Running the ColumnValidator
config_path <- system.file("config/columnvalidator_example.yaml", package = "tenzing")
config_file <- yaml::read_yaml(config_path)
column_validator <- ColumnValidator$new(config_input = config_file$column_config)
column_results <- column_validator$validate_columns(my_contributors_table)
column_results
#> $minimal
#> $minimal$type
#> [1] "success"
#>
#> $minimal$message
#> All column requirements satisfied.
#>
#>
#> $affiliation
#> $affiliation$type
#> [1] "success"
#>
#> $affiliation$message
#> All column requirements satisfied.
#>
#>
#> $title
#> $title$type
#> [1] "success"
#>
#> $title$message
#> All column requirements satisfied.
6. Bringing It All Together with ValidateOutput
The ValidateOutput
class integrates both
Validator
and ColumnValidator
.
How It Works
Reads the configuration file.
Runs ColumnValidator to check required columns.
Runs Validator to check data integrity.
Returns the combined results.
Example Usage
validate_output_instance <- ValidateOutput$new(config_path = config_path)

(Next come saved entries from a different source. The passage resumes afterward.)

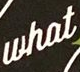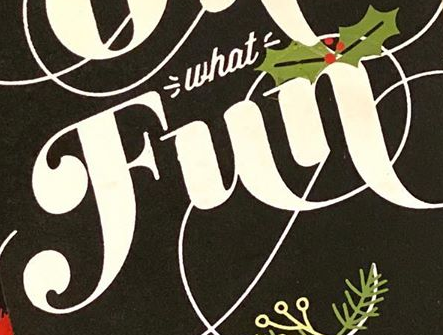Read the text from these images in sequence, separated by a semicolon. what; Fun 
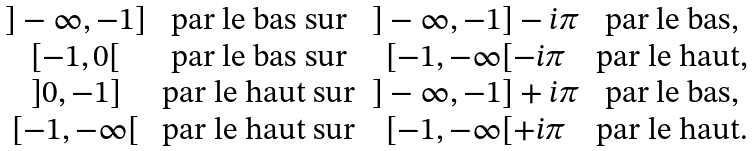<formula> <loc_0><loc_0><loc_500><loc_500>\begin{matrix} ] - \infty , - 1 ] & \text {par le bas sur} & ] - \infty , - 1 ] - i \pi & \text {par le bas,} \\ [ - 1 , 0 [ & \text {par le bas sur} & [ - 1 , - \infty [ - i \pi & \text {par le haut,} \\ ] 0 , - 1 ] & \text {par le haut sur} & ] - \infty , - 1 ] + i \pi & \text {par le bas,} \\ [ - 1 , - \infty [ & \text {par le haut sur} & [ - 1 , - \infty [ + i \pi & \text {par le haut.} \\ \end{matrix}</formula> 
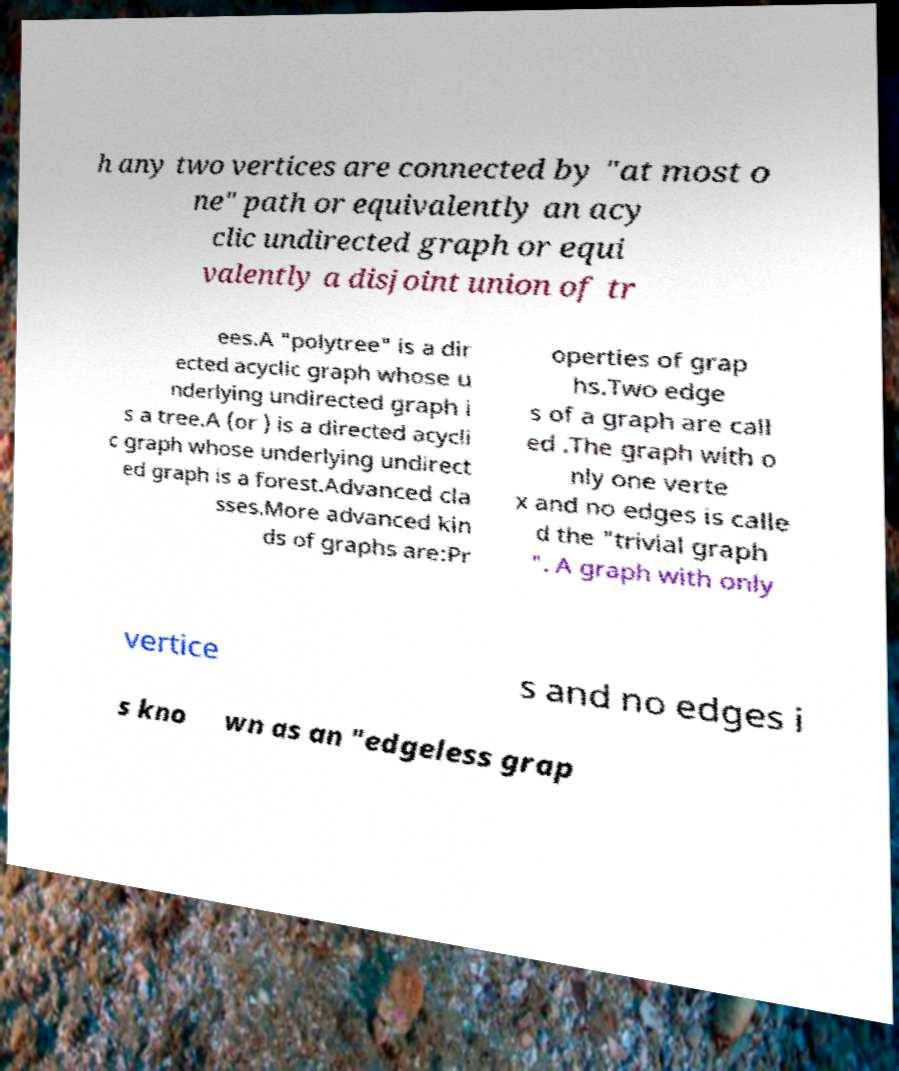Please identify and transcribe the text found in this image. h any two vertices are connected by "at most o ne" path or equivalently an acy clic undirected graph or equi valently a disjoint union of tr ees.A "polytree" is a dir ected acyclic graph whose u nderlying undirected graph i s a tree.A (or ) is a directed acycli c graph whose underlying undirect ed graph is a forest.Advanced cla sses.More advanced kin ds of graphs are:Pr operties of grap hs.Two edge s of a graph are call ed .The graph with o nly one verte x and no edges is calle d the "trivial graph ". A graph with only vertice s and no edges i s kno wn as an "edgeless grap 
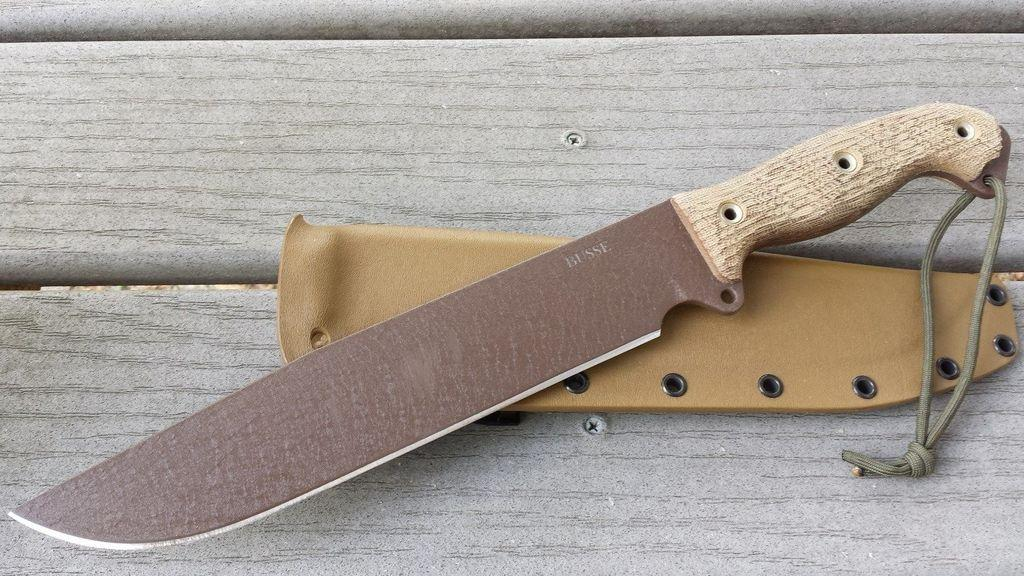What object is present in the image that is typically used for cutting? There is a knife in the image. How is the knife being protected or stored in the image? The knife is on a knife cover. What type of surface is the knife cover placed on in the image? The knife cover is on a wooden surface. What direction is the screw turning in the image? There is no screw present in the image.

validate_results <- validate_output_instance$run_validations(my_contributors_table)
validate_results
#> $minimal
#> $minimal$type
#> [1] "success"
#>
#> $minimal$message
#> All column requirements satisfied.
#>
#>
#> $affiliation
#> $affiliation$type
#> [1] "success"
#>
#> $affiliation$message
#> All column requirements satisfied.
#>
#>
#> $title
#> $title$type
#> [1] "success"
#>
#> $title$message
#> All column requirements satisfied.